確かにあいつらみたいな阿呆生徒どもと阿呆騒ぎをしているときのあおいは、眩しいくらいにイキイキとしている。学校では生徒と指導者という立場のはずなのだが、一歩外に出ると同じ立場の友人になってしまっている。そんな講師、パワフルアカデミーでも早川だけのはずだ。
信号の色が変わったので、ぼくはゆっくりアクセルを踏む。法定速度を守りながら夜のパワフルタウンを走るのも悪くないものだ。
しかしなあ、とぼくは思う。
高校時代から数えると、もう十年近い付き合いの彼女だ。
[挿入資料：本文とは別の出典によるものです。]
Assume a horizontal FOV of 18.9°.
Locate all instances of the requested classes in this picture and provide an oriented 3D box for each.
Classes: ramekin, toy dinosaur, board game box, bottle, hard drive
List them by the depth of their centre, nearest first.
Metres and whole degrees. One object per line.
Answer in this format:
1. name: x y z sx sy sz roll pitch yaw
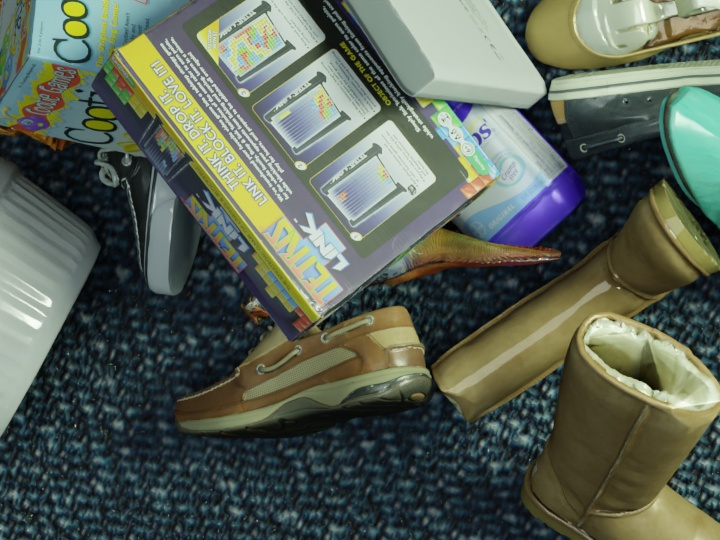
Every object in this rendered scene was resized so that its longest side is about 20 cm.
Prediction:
1. board game box: -0.037 -0.085 1.313 0.165 0.057 0.200 -37 89 -28
2. hard drive: 0.043 -0.164 1.367 0.027 0.200 0.132 -37 77 20
3. board game box: -0.125 -0.138 1.384 0.199 0.103 0.105 12 65 -21
4. toy dinosaur: 0.000 0.000 1.438 0.200 0.105 0.182 39 139 6
5. bottle: 0.059 -0.097 1.450 0.200 0.065 0.084 47 112 2
6. ramekin: -0.252 0.031 1.455 0.094 0.202 0.203 29 100 -7

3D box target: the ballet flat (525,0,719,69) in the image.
1. ballet flat: 0.203 -0.178 1.420 0.199 0.063 0.069 -13 93 11

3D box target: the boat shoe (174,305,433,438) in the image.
1. boat shoe: -0.038 0.070 1.471 0.199 0.076 0.074 -14 76 31

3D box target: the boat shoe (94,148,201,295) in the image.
1. boat shoe: -0.147 -0.084 1.483 0.068 0.074 0.200 1 94 12

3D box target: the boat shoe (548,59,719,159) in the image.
1. boat shoe: 0.223 -0.106 1.422 0.199 0.075 0.063 -4 97 16

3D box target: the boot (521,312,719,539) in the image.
1. boot: 0.194 0.129 1.385 0.175 0.200 0.066 24 56 6

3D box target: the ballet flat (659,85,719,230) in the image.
1. ballet flat: 0.252 -0.050 1.372 0.070 0.200 0.068 4 59 31

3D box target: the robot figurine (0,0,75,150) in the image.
1. robot figurine: -0.272 -0.170 1.489 0.199 0.058 0.145 26 113 11

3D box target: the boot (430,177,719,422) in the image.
1. boot: 0.137 0.028 1.400 0.200 0.175 0.066 -34 78 8

お互い未婚で恋人もいない。ぼく達の間に恋愛感情はあるんだろうか。正直に言えば、ぼくは自分の本心すらわからない。多分、彼女に告白されたらもの凄く困るだろう。何故なら、そういう対象として見た事が一度たりともないからだ。そう。一度たりとも。
きっと早川もそうなんだろうな。ぼくのことを異性として認識していないからこそ、こんな日付が変わった深夜に呼びつけることも出来るのかもしれない。それを半ば義務のように感じてしまっているぼくも悪いは悪いのだけれど。
「どうしたの、風見くん。余所見してると危ないよ」
早川に注意され、ぼくは慌てて視線を前に戻す。すっかり吸いすぎてしまった煙草の先から灰の塊がぽとりとズボンに落ちた。
「なんかなあ。俺達ってどういう関係なのかなって思ってさ」
するとあおいはけらけらと腹を抱えて笑い出した。そんなにおかしいことか、おい。
「なんなの、また急に」
「自分の事ながら変な間柄だなってなんか、ふと」
「いいんじゃない。ボクらはボクらなりの付き合い方があるんだから」
「そんなもんですかね」
「そんなもんですとも」
そう答えると、早川は目を瞑りシートに体を預けた。それから二分もするとすうすうと小さな寝息が聴こえてきだした。
隣でそんな簡単に寝入るんじゃないよ、まったく。
ぼくは短くなった煙草を灰皿に放り込むと、もう一本咥えて火をつけた。窓に流れる煙は後方へと物凄いスピードで消え去ってゆく。夜の街を駆け抜ける煙草の煙と男女。なかなか蠱惑的な響きではあるが実際はビックリするくらい平凡だ。あと十五分程度で早川のマンションへと到着する。そうしたらぼくは彼女を降ろして帰宅する。帰ったら何を食べようか。夕食を摂ったのはもう五時間以上前なのだ。さすがに小腹が空いている。
せっかく迎えに来てるんだから、晩飯くらいサービスしてくれればいいのに。
ぼくはそんな有り得ないことを考えながら車を走らせる。隣から聴こえてくる静かで可愛らしい寝息に、ほんの少しだけ学生時代を思い出していた。